Diante de progressos médico-científicos de tal envergadura, esqueceu-se que o
ser humano é a razão dessas pesquisas, para onde conjugam todos os avanços
conseguidos, passando-se a tratá-lo não mais como sujeito de direitos, mas como
seu objeto. Em decorrência disso, procurou-se adentrar no estudo desse tema
pela tamanha importância que ele confere hoje à sociedade, demonstrado pela
capacitação dos profissionais, melhoria dos tratamentos, das técnicas
cirúrgicas, prolongando-se a vida através de transplantes de órgãos, operações
para mudança de sexo, esterilizações, transfusões de sangue, dentre outros
procedimentos que tem por fim prezar pela saúde. Contudo, deve-se levar em
conta que o paciente é o eixo central de todos esses estudos, tendo ele que
decidir por tudo que envolver sua integridade física e a sua vida.
A Constituição
Federal proclamou uma nova ordem jurídica, instituindo princípios e normas que
forçaram uma reformulação desse sistema médico vigente, limitando essa atuação
fundamentada no princípio basilar da dignidade da pessoa humana. Uma das
interpretações desse princípio que restringe a ciência médica diz respeito ao
direito primordial do paciente de consentir com qualquer intervenção a que for
submetido. Ou como entende França (2003, p.29):
Com o avanço cada dia mais eloqüente dos direitos humanos, o ato médico só
alcança sua verdadeira dimensão e o seu incontrastável destino com a obtenção
do consentimento do paciente ou de seus responsáveis legais. Assim, em tese, todo
procedimento profissional nesse particular necessita de uma autorização prévia.

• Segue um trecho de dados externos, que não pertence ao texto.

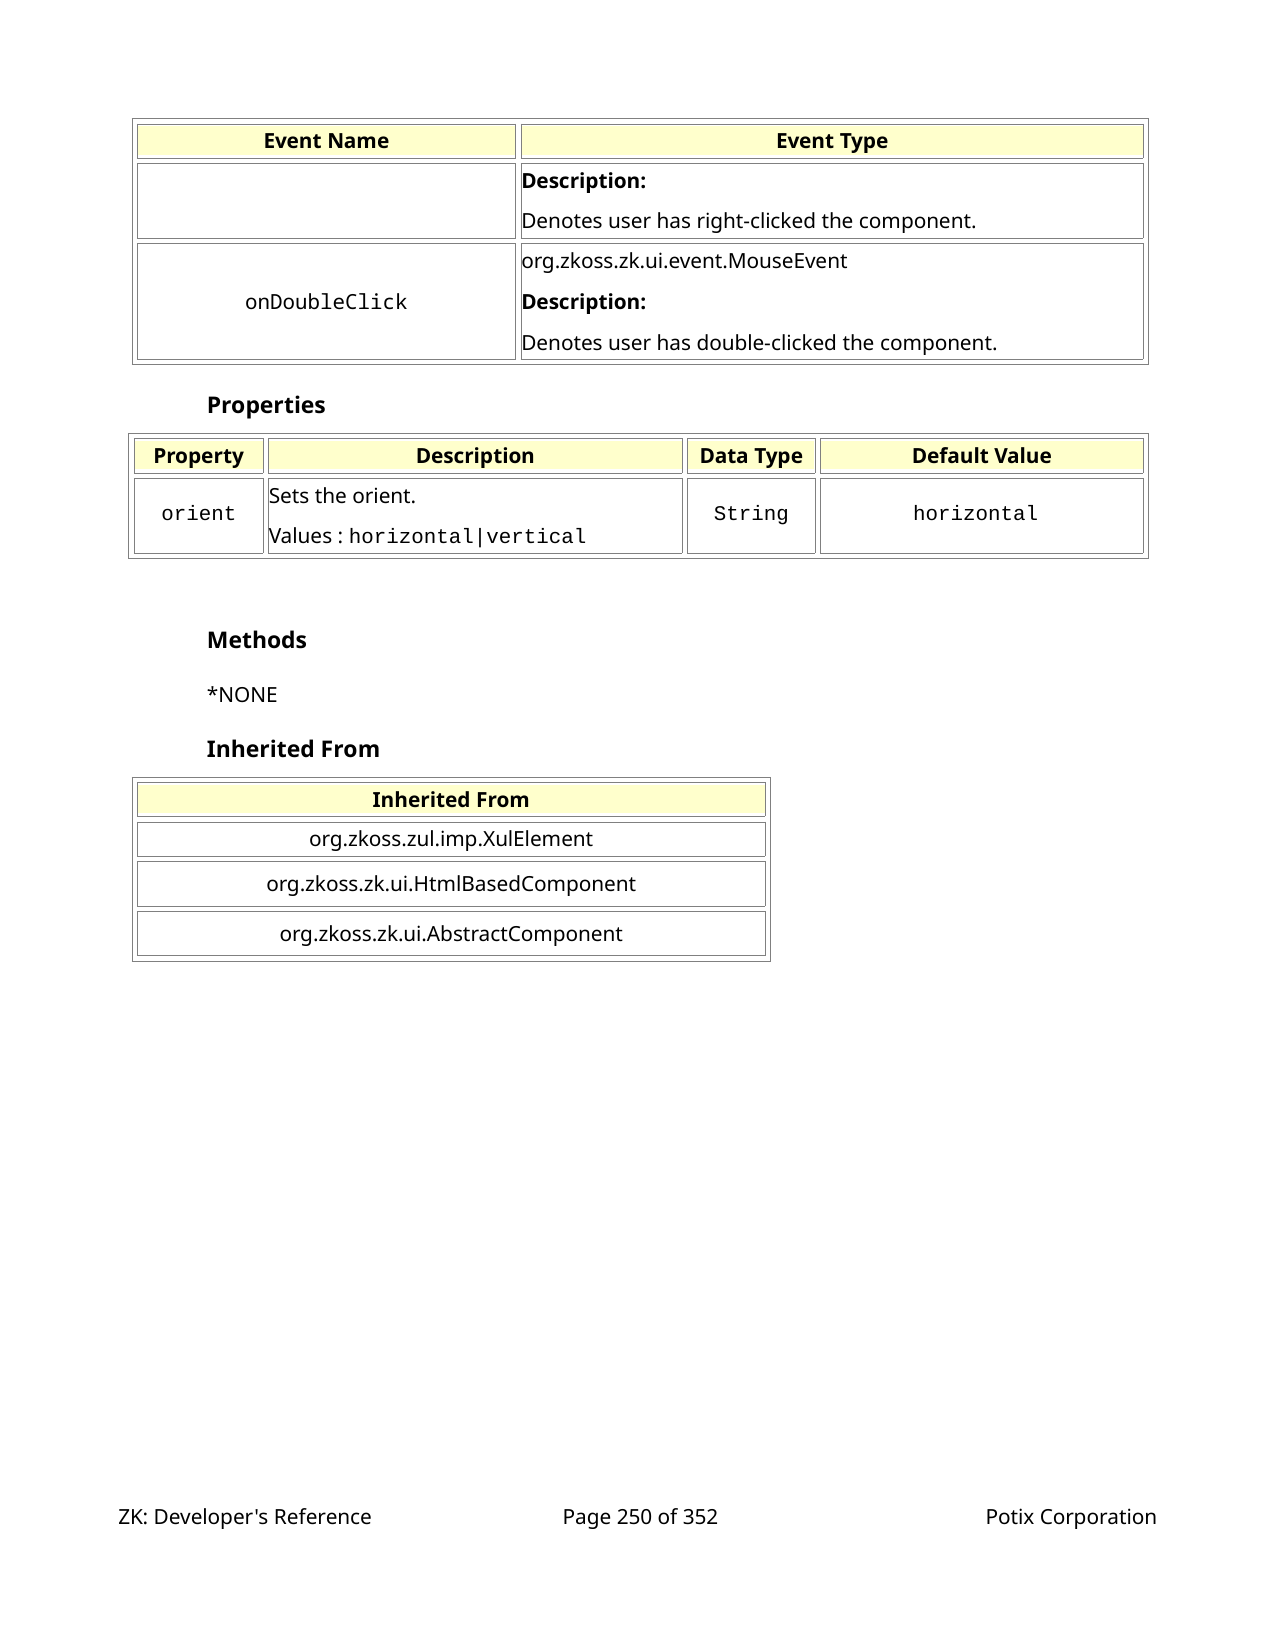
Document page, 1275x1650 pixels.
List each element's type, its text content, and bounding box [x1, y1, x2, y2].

table_header Property [131, 434, 266, 472]
table_cell org.zkoss.zul.imp.XulElement [134, 816, 768, 856]
subtitle Methods [207, 623, 1157, 655]
text *NONE [207, 680, 1157, 708]
table_cell onDoubleClick [134, 238, 518, 359]
table_header Default Value [818, 434, 1146, 472]
table_header Inherited From [134, 778, 768, 816]
table_cell orient [131, 473, 266, 553]
table_header Event Name [134, 119, 518, 158]
table_cell horizontal [818, 473, 1146, 553]
table_header Description [266, 434, 685, 472]
table_header Data Type [685, 434, 817, 472]
subtitle Inherited From [207, 733, 1157, 764]
subtitle Properties [207, 389, 1157, 420]
table_header Event Type [518, 119, 1146, 158]
table_cell String [685, 473, 817, 553]
table_cell Description: Denotes user has right-clicked the component. [518, 158, 1146, 238]
table_cell Sets the orient. Values : horizontal|vertical [266, 473, 685, 553]
table_cell [134, 158, 518, 238]
table_cell org.zkoss.zk.ui.event.MouseEvent Description: Denotes user has double-clicked the component. [518, 238, 1146, 359]
table_cell org.zkoss.zk.ui.HtmlBasedComponent [134, 856, 768, 906]
table_cell org.zkoss.zk.ui.AbstractComponent [134, 906, 768, 955]
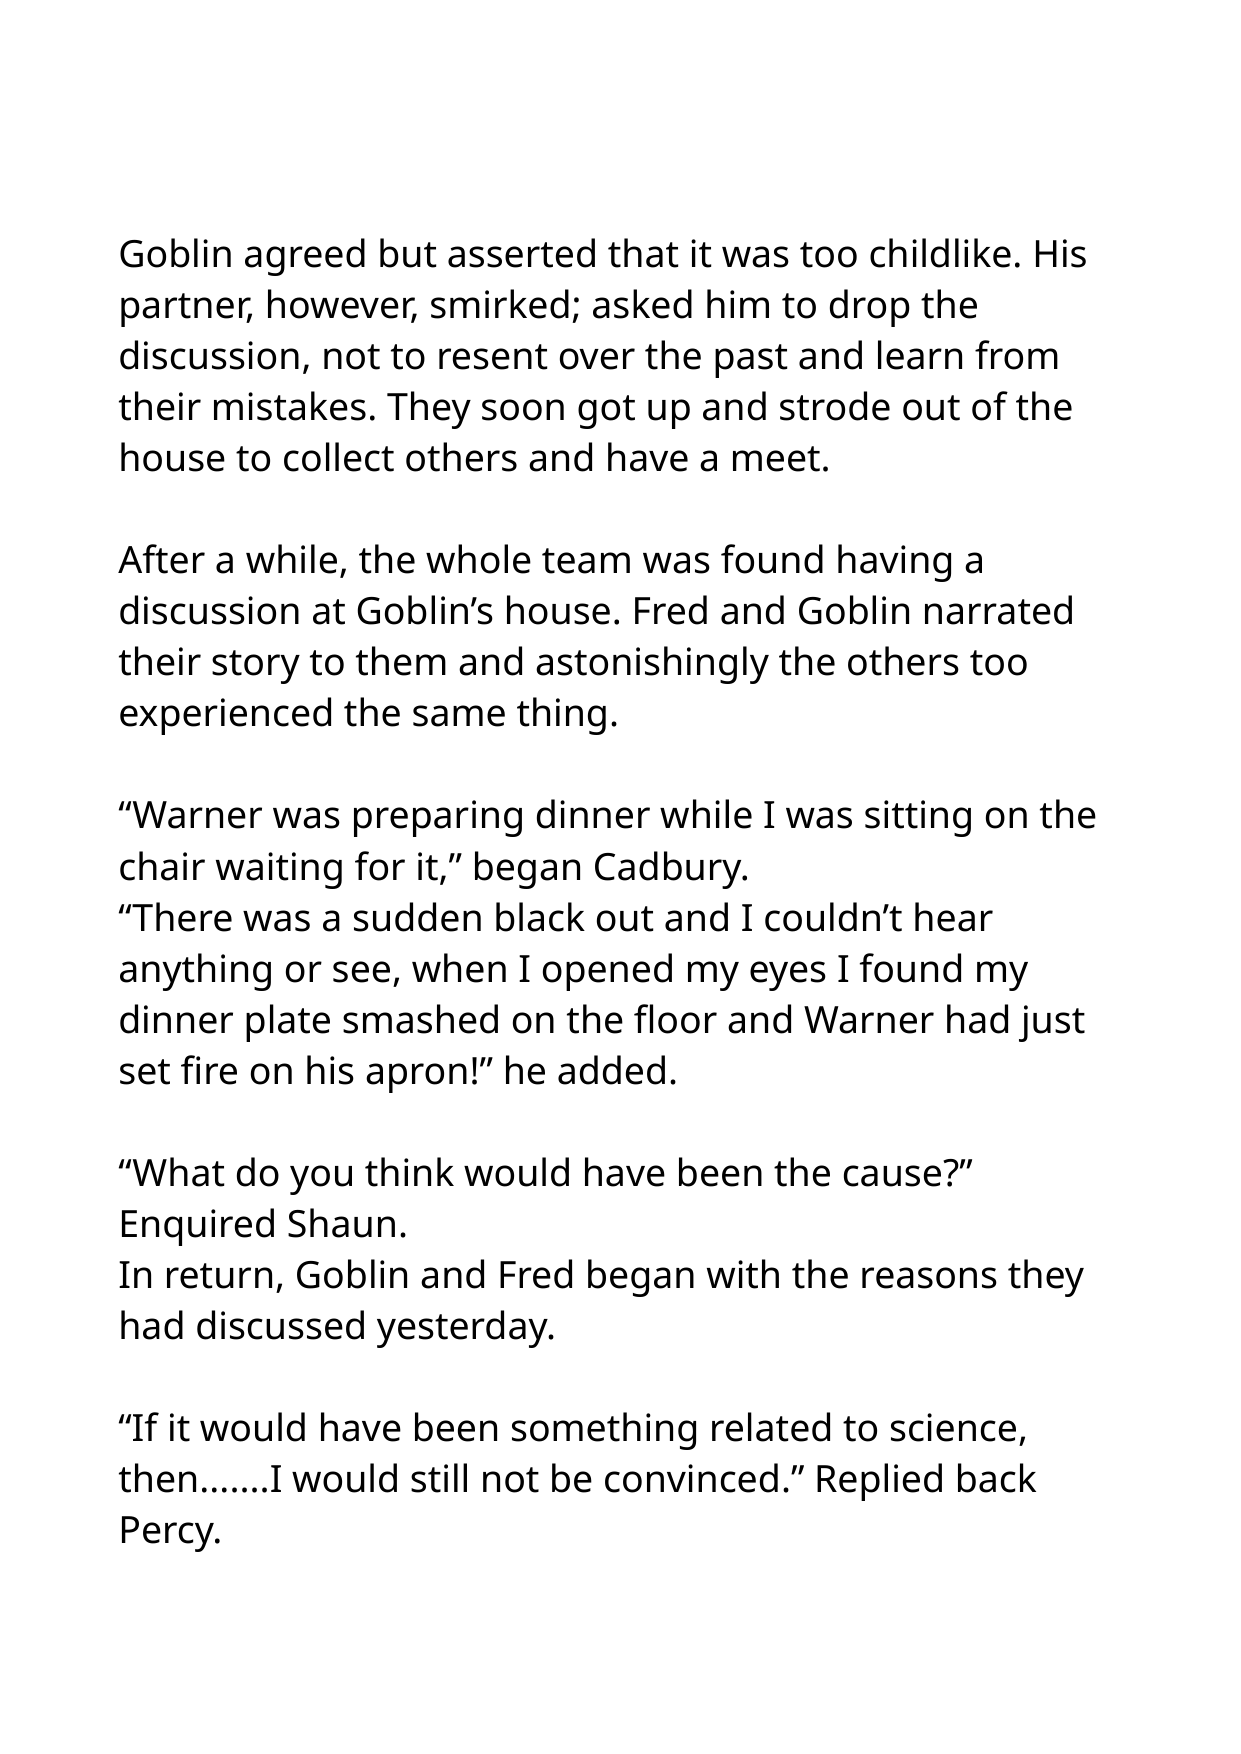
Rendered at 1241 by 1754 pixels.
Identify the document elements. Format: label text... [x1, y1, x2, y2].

text “If it would have been something related to science, then.......I would still not be convinced.” Replied back Percy. [118, 1401, 1122, 1554]
text “There was a sudden black out and I couldn’t hear anything or see, when I opened my eyes I found my dinner plate smashed on the floor and Warner had just set fire on his apron!” he added. [118, 891, 1122, 1095]
text “Warner was preparing dinner while I was sitting on the chair waiting for it,” began Cadbury. [118, 789, 1122, 891]
text In return, Goblin and Fred began with the reasons they had discussed yesterday. [118, 1248, 1122, 1350]
text After a while, the whole team was found having a discussion at Goblin’s house. Fred and Goblin narrated their story to them and astonishingly the others too experienced the same thing. [118, 534, 1122, 738]
text Goblin agreed but asserted that it was too childlike. His partner, however, smirked; asked him to drop the discussion, not to resent over the past and learn from their mistakes. They soon got up and strode out of the house to collect others and have a meet. [118, 227, 1122, 483]
text “What do you think would have been the cause?” Enquired Shaun. [118, 1146, 1122, 1248]
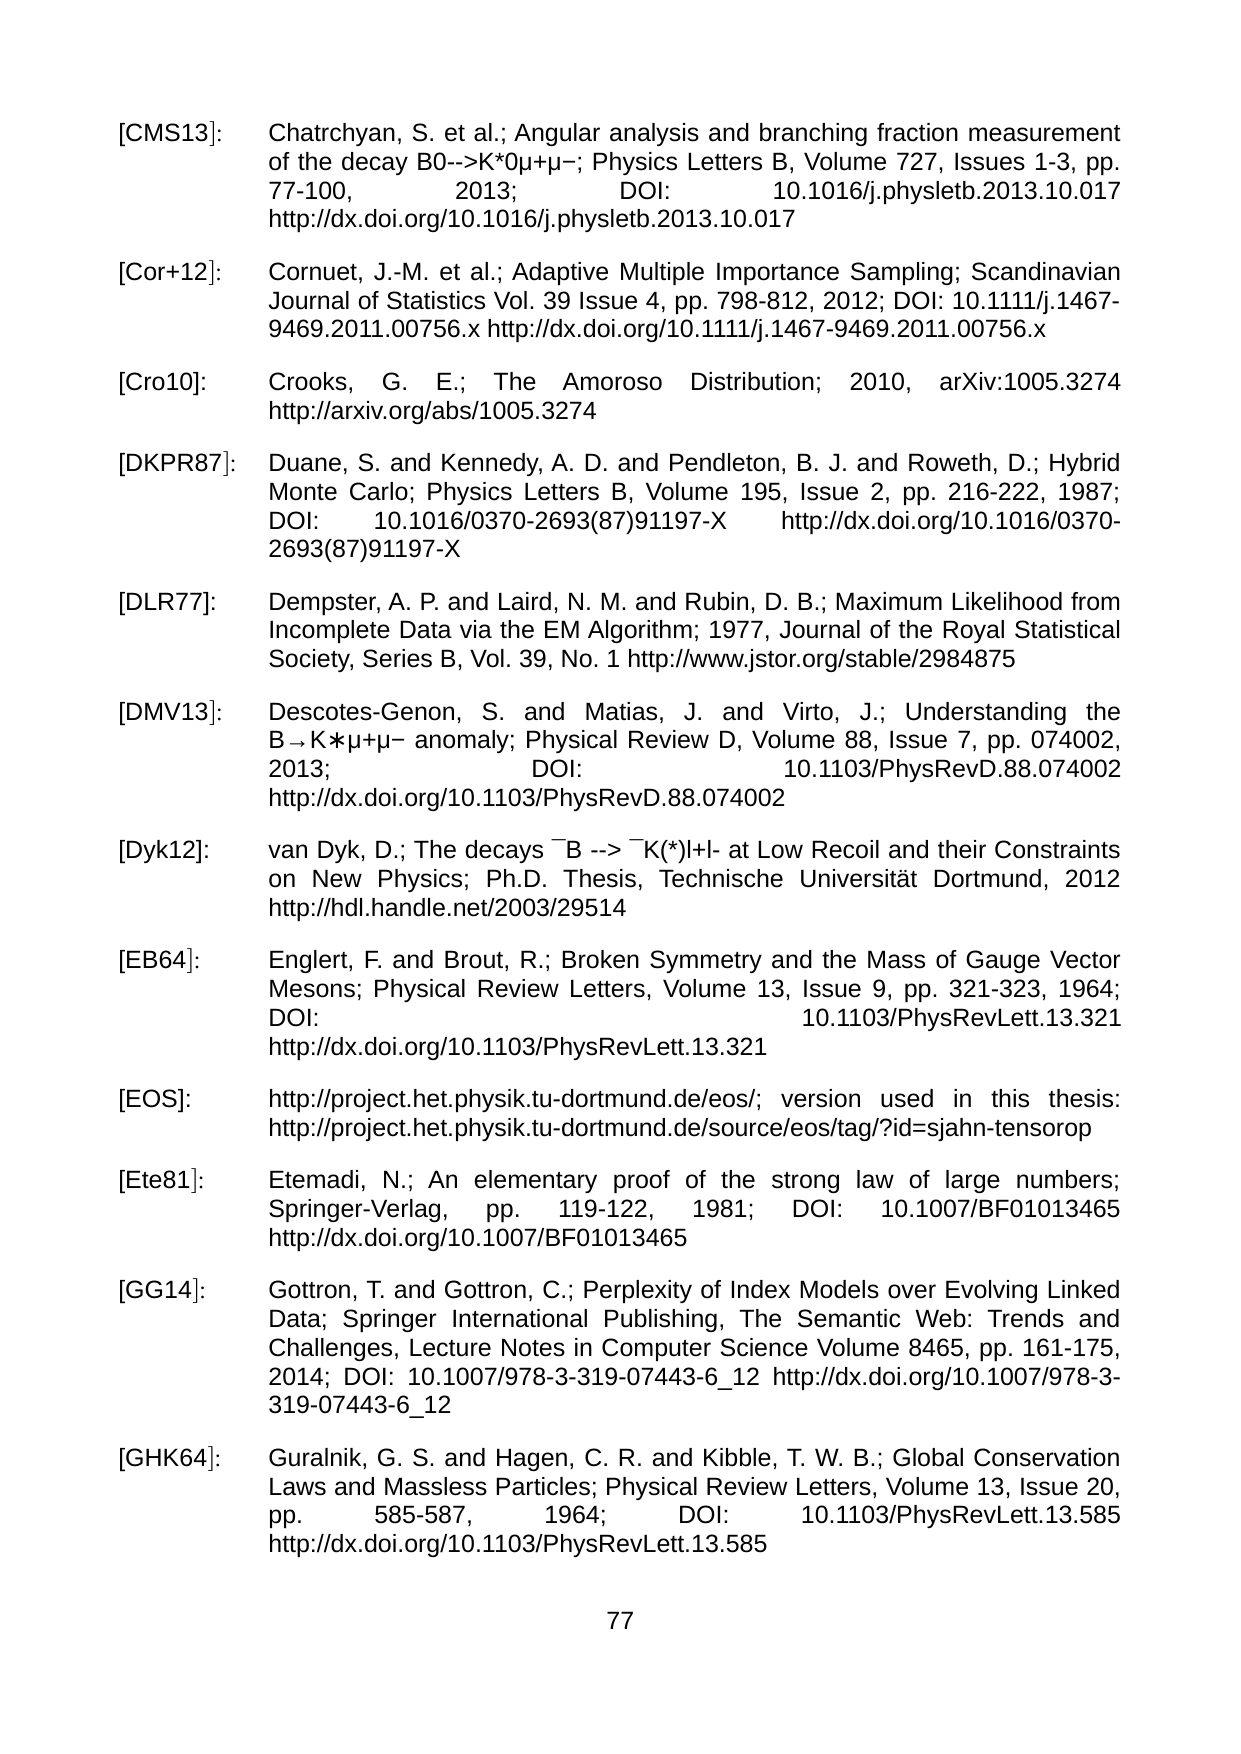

De acordo com o que foi transcrito, exige-se que seja obedecido o princípio da
autonomia ou da liberdade, que faculta à pessoa, no caso o paciente, de
escolher pela submissão a um tratamento ou não. Por esse princípio o paciente
tem o direito de nortear o médico em sua terapêutica. É indispensável que o consenciente tenha uma explicação prévia da intervenção que
se submeterá. Logo, o consentimento deve ser dado antes da cirurgia e continuar
durante o tratamento, pois quando dado após a intervenção não constituirá uma
causa de justificação.
Para esclarecer sobre a vitalidade do consentimento, cola-se o significado
dessa palavra por Ferreira (1986, p.457) como “o direito de consentir,
permissão, licença, anuência, aprovação, acordo, aprovação tácita e
tolerância”, e ainda transcreve-se a irrefutável colocação de Carvalho (2001,
p. 143) sobre essa expressão:
O consentimento nada mais significa que conferir a terceiros a faculdade de
perpetrar a ação, tornando lícito o que em outras circunstâncias era ilícito,
fazendo desaparecer apenas, nos limites do autorizado, a tutela jurídica do bem
pertencente ao consenciente.
É fundamental que o consentimento respeite a ordem pública e os bons costumes,
pois então não será justificada a conduta do médico. Daí compreende-se que
ninguém poderá consentir, ainda que validamente, a intervenção que resulte na
sua própria incapacidade psíquica e física. É necessário ressalvar a
relatividade desse princípio, porque se a informação for algo complicador à
saúde do paciente, o médico não tem a obrigação de contar. Todavia tem que
contar a um familiar próximo. Além do mais, essa relatividade também se dá em
situações de iminente perigo de vida, em que o profissional, sob os conselhos
da Ética Médica, deverá atuar ainda que desrespeitando a vontade do paciente.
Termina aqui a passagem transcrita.